I’m sorry I’m slow on the uptake, I just like to understand how things work. Two of the components in the code are triggering players team number, and the other is triggering player’s score.
In my game the score is not based on the item being stolen, so the score seems obsolete with that in mind. And the team number also seems like it could screw up the code. Wouldn’t that mean that team 18 will always end up stealing more than team 3 because the value of their team number is larger?
No, because this example was coded wrong. Get score of team should be directly connected to triggering players team number, and THAT should be added to amount of bait.
(That is just overlap from my scrren not being big enough for one screenshot)
No, variables are only for one block. Properties are for every block. What you can do is set a variable to a property, make it act as a property, and set the property equal to a variable.
@mysz I think I did what you said here in the picture below. I used the inventory manager blocks. To me this seems like circular logic where no real values are being exchanged. Look at the Team 3 code in particular. They are both trying to derive value from each other, when neither has any value.

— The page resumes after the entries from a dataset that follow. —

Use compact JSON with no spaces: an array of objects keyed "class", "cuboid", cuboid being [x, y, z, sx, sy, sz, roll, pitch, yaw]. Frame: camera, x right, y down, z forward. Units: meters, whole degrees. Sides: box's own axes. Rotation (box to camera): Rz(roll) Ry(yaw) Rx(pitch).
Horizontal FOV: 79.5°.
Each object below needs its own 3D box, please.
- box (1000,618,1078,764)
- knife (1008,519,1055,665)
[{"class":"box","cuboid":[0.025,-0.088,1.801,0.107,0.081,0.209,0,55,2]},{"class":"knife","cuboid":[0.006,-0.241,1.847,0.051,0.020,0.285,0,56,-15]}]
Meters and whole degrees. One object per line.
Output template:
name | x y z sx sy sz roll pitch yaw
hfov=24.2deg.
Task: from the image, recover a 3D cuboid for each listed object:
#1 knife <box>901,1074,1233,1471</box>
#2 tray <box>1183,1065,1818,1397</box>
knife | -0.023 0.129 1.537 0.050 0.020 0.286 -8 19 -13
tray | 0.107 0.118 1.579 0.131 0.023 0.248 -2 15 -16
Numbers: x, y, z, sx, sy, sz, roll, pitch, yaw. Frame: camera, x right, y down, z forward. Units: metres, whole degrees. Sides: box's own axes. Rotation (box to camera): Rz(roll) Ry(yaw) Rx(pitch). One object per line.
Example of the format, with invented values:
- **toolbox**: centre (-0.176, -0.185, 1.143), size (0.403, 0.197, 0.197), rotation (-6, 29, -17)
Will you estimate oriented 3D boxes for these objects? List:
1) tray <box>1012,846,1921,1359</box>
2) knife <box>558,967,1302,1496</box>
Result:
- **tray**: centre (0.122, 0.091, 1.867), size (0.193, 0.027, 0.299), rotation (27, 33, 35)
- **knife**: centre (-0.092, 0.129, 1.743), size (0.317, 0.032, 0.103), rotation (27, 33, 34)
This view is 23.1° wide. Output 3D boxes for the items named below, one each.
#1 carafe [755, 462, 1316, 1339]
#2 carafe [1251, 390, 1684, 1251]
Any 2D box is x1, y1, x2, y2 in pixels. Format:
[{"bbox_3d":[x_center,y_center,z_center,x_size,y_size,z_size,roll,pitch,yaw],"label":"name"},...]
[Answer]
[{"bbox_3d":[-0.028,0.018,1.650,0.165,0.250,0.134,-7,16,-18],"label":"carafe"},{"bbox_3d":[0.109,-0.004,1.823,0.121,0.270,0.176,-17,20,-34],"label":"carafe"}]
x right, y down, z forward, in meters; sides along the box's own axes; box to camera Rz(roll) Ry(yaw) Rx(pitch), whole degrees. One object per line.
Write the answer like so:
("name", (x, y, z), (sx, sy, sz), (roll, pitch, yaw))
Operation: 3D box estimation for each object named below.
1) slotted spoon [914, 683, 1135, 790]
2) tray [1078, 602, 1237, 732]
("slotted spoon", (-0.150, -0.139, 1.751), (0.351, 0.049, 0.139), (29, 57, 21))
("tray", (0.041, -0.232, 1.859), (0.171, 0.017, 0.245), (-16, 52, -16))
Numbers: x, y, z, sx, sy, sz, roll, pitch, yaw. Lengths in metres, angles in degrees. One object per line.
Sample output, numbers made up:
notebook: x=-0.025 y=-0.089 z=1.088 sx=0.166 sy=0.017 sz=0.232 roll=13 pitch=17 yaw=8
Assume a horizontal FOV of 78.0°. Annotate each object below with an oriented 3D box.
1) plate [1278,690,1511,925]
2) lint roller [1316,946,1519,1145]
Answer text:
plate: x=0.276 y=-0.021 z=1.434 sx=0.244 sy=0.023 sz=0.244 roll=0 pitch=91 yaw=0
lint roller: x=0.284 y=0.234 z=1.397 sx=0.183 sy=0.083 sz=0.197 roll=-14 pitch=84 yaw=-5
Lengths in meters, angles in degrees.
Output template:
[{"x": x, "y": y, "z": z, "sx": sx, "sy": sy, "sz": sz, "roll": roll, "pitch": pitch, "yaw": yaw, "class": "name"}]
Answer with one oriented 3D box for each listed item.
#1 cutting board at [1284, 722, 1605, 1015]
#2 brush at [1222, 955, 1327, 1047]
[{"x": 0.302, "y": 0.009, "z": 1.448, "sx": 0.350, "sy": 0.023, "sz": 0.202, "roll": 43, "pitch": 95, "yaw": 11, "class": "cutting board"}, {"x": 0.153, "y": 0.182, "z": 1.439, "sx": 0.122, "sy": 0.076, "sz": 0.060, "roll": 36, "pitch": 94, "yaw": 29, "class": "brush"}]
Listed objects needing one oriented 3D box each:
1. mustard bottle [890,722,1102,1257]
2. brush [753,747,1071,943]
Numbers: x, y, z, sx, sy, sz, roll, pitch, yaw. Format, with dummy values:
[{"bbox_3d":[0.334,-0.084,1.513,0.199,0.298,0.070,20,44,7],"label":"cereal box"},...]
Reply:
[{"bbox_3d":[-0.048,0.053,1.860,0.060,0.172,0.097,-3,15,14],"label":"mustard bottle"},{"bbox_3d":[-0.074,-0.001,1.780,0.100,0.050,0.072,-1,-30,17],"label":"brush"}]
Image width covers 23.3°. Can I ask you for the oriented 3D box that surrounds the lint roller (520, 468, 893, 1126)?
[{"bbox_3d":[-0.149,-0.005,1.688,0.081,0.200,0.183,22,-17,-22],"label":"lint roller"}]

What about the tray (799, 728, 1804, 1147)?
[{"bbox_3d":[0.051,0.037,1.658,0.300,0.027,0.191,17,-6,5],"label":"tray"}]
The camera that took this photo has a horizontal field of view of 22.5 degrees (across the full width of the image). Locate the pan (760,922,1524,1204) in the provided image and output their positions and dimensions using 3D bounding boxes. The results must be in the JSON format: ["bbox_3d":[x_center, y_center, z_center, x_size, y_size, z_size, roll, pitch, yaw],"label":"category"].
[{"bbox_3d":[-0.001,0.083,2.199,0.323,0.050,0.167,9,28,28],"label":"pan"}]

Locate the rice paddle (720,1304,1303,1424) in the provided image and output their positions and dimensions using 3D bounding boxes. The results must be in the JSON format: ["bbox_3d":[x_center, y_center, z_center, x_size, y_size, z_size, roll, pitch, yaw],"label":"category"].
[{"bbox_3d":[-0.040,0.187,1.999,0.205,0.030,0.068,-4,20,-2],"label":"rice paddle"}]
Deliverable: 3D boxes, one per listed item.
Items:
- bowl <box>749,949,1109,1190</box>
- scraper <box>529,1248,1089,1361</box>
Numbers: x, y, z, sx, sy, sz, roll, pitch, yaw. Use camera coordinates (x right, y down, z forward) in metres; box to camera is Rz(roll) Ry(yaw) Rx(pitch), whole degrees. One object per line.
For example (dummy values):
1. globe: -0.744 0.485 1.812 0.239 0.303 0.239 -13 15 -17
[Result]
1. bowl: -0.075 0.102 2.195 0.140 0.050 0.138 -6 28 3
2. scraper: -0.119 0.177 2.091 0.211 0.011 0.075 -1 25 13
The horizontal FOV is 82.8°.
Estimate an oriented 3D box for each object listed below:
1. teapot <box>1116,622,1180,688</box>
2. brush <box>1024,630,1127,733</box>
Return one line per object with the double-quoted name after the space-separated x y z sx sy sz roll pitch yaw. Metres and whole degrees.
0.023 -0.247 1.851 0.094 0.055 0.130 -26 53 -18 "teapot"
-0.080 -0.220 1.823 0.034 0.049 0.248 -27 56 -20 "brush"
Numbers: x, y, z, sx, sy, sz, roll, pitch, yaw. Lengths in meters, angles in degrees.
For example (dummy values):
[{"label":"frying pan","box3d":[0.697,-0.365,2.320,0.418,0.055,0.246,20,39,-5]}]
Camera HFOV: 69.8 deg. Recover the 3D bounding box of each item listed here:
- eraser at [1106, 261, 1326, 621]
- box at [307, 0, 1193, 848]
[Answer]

That’s why it would be nice if I could reuse variable from other devices.
The bottom button is the one that gives you the blue fish to test, nothing important there.
The middle one is used to store the bluefish, this is the code
Seems to work for me, the storedfish property is global, the amount of fish is player dependent, not sure if this is what you were looking for though. Tell me if this is what you were looking for!
What doesn’t work about it? I’m guessing (as WhoAmI did) that it could have something to do with the player’s score, because everything else seems fine - if the player’s score keeps track of all the fish that the player has ever gotten, then the amount stored in the property could be increased far more than it should be. There could also be problems with the scale of the property’s change being something other than global, but I’m assuming you already checked that… I can try and make a system like this to test it, but there are probably going to be some limitations that I can’t find a way around.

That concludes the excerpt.